William Morris: The Man and The Myth. R Page Arnot 1964

Chapter One: The Morris Myth

William Morris, artist, craftsman and poet, was born on 24 March 1834 at Walthamstow in Essex, ‘a suburban village on the edge of Epping Forest’. He was thus a Londoner like Geoffrey Chaucer and John Milton, even a suburbanite like John Keats. Morris came of a well-to-do bourgeois family, [1] and went through the routine of his class at public school and Oxford University. He wrote poems, was apprenticed to an architect, became a master craftsman in one field after another, from furniture designing to printing; became a manufacturer; took an active part in an anti-war association in the 1870s; joined in 1883 a socialist organisation, agitated and organised; edited The Commonweal, to which Frederick Engels and Eleanor Marx contributed; and, after a life of intense and ceaseless activity over many fields, died at the age of sixty-two having remained to the end a revolutionary socialist.

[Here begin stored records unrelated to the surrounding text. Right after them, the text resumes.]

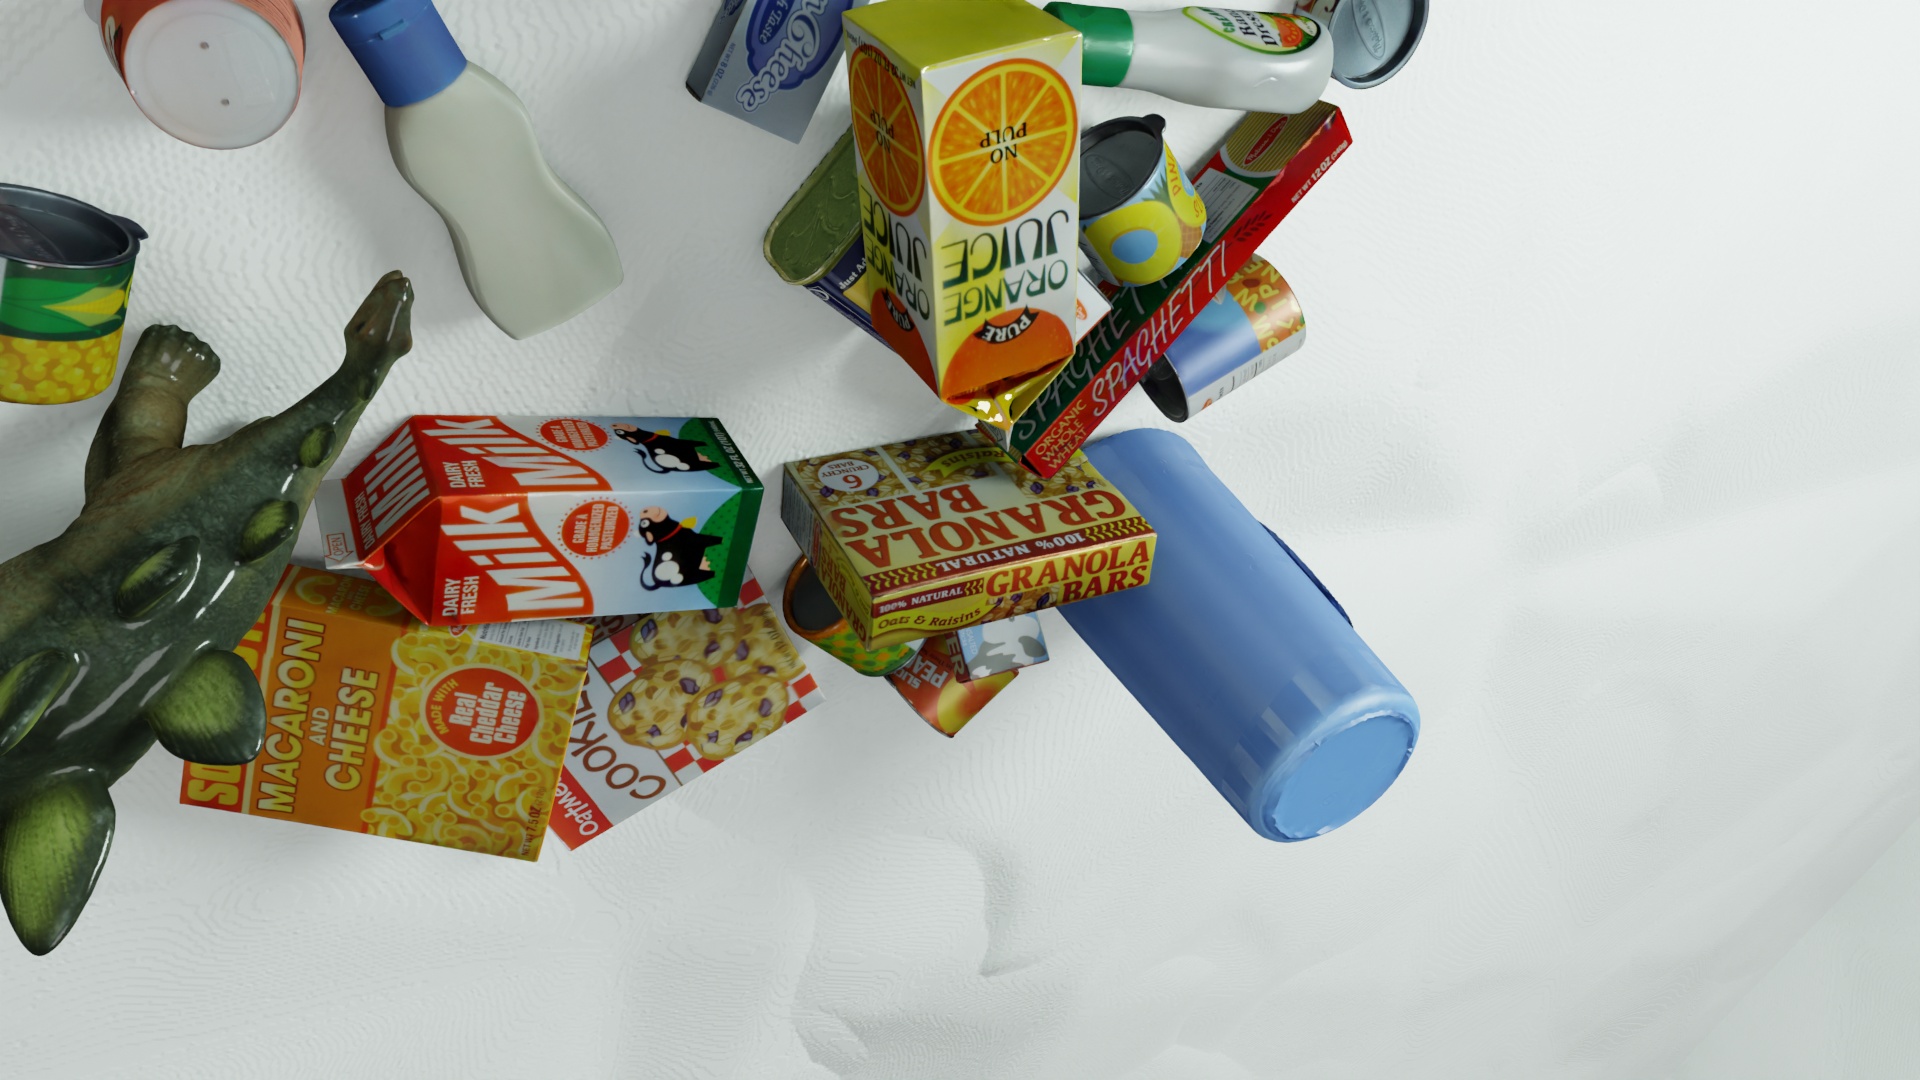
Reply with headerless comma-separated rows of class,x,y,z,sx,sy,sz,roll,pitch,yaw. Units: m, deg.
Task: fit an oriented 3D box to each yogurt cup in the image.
yogurt cup,-0.270,-0.176,0.499,0.072,0.054,0.072,-17,131,-21

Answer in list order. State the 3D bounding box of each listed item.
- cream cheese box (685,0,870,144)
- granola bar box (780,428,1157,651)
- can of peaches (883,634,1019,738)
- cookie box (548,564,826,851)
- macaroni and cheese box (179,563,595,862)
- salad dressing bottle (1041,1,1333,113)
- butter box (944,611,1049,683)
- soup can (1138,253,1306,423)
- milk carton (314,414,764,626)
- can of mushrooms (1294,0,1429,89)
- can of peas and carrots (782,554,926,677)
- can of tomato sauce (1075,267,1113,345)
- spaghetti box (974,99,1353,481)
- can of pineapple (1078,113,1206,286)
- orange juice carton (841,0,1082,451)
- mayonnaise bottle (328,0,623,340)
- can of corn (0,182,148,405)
cream cheese box,-0.072,-0.230,0.600,0.053,0.024,0.103,14,115,-39
granola bar box,0.003,-0.009,0.745,0.166,0.124,0.038,-12,130,-24
can of peaches,-0.008,0.076,0.843,0.058,0.071,0.071,-44,134,4
cookie box,-0.174,0.083,0.765,0.168,0.040,0.122,-30,132,-9
macaroni and cheese box,-0.273,0.083,0.666,0.166,0.040,0.123,14,115,-15
salad dressing bottle,0.110,-0.239,0.683,0.148,0.064,0.043,-3,134,-21
butter box,0.012,0.027,0.804,0.053,0.103,0.024,-13,173,-23
soup can,0.142,-0.118,0.791,0.084,0.071,0.071,-32,134,-8
milk carton,-0.198,-0.011,0.655,0.191,0.072,0.073,-2,124,-30
can of mushrooms,0.213,-0.277,0.734,0.071,0.033,0.070,-16,130,-20
can of peas and carrots,-0.060,0.037,0.784,0.071,0.071,0.058,-45,134,7
can of tomato sauce,0.027,-0.114,0.722,0.083,0.071,0.071,-46,134,7
spaghetti box,0.107,-0.138,0.746,0.250,0.050,0.028,-48,134,0
can of pineapple,0.087,-0.173,0.711,0.071,0.071,0.057,-43,135,4
orange juice carton,0.003,-0.133,0.606,0.073,0.072,0.191,-21,134,-20
mayonnaise bottle,-0.198,-0.155,0.569,0.065,0.041,0.147,-32,133,-9
can of corn,-0.342,-0.091,0.512,0.071,0.071,0.058,8,119,-36

William Morris, pretty well known in Europe in his lifetime, is still a name in the British labour movement, while his fame has spread far beyond the English-speaking countries. His chants for socialists are heard at May Day demonstrations. His memory was revered by those who could recall him, especially his plain, simple habit of speech, essence of straightforwardness and revolutionary vigour. His writings on art and socialism still have an influence, and would have more but for the veil that has been cast around him. For, more than any other socialist leader of the nineteenth century, Morris has been subjected to that ‘canonisation’ of which Lenin set forth the stigmata:

During the lifetime of great revolutionaries, the oppressing classes have invariably meted out to them relentless persecution and received their teaching with the most savage hostility, most furious hatred and a ruthless campaign of slanders. After their death, however, attempts are usually made to turn them into harmless saints, canonising them, as it were, and investing their name with a certain halo, by way of ‘consolation’ to the oppressed classes, and with the object of duping them, while at the same time emasculating and vulgarising the real essence of their revolutionary theories and blunting their revolutionary edge.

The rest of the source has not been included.